Arrested Development in a nut shell.
Omar vs Franklin
Friday, April 1, 2011
Saturday, March 26, 2011
The Wire is the Greatest Show of All Time
There are quite a few contenders for this title, but for now I will only talk about why The Wire is great and save the refutations for a later post. HBO uses a formula with almost all of its dramas, which goes something like this: design a huge set, get a huge ensemble cast and have each episode touch upon each character in their interactions with the set. It is part of their production standards that the environment factor heavily into the psychosis of their characters, that it inflict and impose, give breadth to every breath, so to speak. Their reasons for doing this is that it makes everything more realistic to the viewer. The set becomes this strong current that the characters are forced to fight against, and so they grab hold of each other and form little eddies, pools of reprieve from this constant pressure. Bigger characters attract the smaller, usually dumber, ones, building hierarchies that eventually come to clash with one another, creating white water surges that douse the viewer in pure dramatic tension. It is, by all measures, a fantastic formula, and one that The Wire abides by entirely. However, there are a few aspects to its production that place it at the summit of HBO, and therefore, all of television.
Firstly, the set of Baltimore is not created. Simon wrote for the Sun before making the show, following the breadcrumbs of criminal activity that trails from the mouth of virtually every policy maker and breaker in the city. Baltimore is therefore shot in the most realistic mode ever put to screen. No special effects, no vaseline on the lens, no austere filters added to give a shot more gravity. Baltimore is a kingpin, a God whose desire and greed infiltrates and motivates each individual with a democratic corruption. From the Baroque Revival of City Hall to the dessicated brick of the Hamsterdam houses, Baltimore establishes itself as a city state, surviving in the twin shadows of Washington and Annapolis (the Federal and State seats of Government for those that were seriously sleeping during middle school Civics classes). Many of the ancillary actors used for The Wire are actually hoodrats culled from the real Towers, young men and women whose faces belie the forced maturity of life in the ghetto. Concomitantly, many of the police are still active officers of the law. Simon, like Francois Truffaut, demands the most from his city, demands that it resonate with the sirens of night, buzz with the huddled masses that call themselves residents.
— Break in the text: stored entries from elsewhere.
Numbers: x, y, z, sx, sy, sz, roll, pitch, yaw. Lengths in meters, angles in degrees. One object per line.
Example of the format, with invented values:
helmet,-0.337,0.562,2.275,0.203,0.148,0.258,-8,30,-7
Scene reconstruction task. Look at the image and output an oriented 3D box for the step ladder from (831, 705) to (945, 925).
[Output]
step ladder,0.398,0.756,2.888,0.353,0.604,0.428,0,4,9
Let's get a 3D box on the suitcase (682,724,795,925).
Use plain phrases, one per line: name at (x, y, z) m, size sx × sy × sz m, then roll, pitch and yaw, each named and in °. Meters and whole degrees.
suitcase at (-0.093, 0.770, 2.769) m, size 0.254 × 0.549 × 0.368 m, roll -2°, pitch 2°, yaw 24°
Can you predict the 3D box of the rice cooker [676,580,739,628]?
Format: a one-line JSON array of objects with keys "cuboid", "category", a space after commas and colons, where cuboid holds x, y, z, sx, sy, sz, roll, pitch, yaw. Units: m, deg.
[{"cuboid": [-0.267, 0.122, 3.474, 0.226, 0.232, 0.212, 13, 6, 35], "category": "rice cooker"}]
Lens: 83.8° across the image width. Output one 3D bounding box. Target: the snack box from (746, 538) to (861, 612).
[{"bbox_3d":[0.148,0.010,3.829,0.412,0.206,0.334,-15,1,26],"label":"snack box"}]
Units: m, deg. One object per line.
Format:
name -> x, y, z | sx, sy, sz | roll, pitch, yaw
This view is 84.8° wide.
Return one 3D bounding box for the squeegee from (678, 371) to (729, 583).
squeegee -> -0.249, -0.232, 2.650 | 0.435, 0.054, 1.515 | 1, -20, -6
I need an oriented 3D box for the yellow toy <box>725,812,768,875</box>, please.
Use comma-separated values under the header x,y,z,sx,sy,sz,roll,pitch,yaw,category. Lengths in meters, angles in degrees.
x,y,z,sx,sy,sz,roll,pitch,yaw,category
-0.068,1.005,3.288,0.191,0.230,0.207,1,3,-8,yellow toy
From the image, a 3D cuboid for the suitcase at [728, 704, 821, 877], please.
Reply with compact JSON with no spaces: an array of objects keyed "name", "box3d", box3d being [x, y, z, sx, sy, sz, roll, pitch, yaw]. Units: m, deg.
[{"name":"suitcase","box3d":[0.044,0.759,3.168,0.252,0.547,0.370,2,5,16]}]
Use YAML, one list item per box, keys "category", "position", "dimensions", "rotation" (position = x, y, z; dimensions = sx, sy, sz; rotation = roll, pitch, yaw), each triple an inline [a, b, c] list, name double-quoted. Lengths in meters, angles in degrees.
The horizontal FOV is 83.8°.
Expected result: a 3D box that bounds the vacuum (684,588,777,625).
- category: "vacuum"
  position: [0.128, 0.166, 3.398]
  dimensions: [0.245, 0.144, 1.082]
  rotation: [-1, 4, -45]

In many ways, McNulty is exactly like Antoine Doinel in 400 Blows; he feels more comfortable passing the midnight hours in the street trying to figure out the puzzle that surrounds him. Family is a more alien fraternity than the one granted by the city, the one that kisses you on the lips while it stabs you in the guts. To belong to a family is to partake in unconditional love, which, for many, is fucking bullshit. Baltimore does not love her residents unconditionally by any measure, but she ensures that they are yolked to her breast nonetheless; ensnared within her streets, they all try to find some way to find peace with this lifelong imprisonment.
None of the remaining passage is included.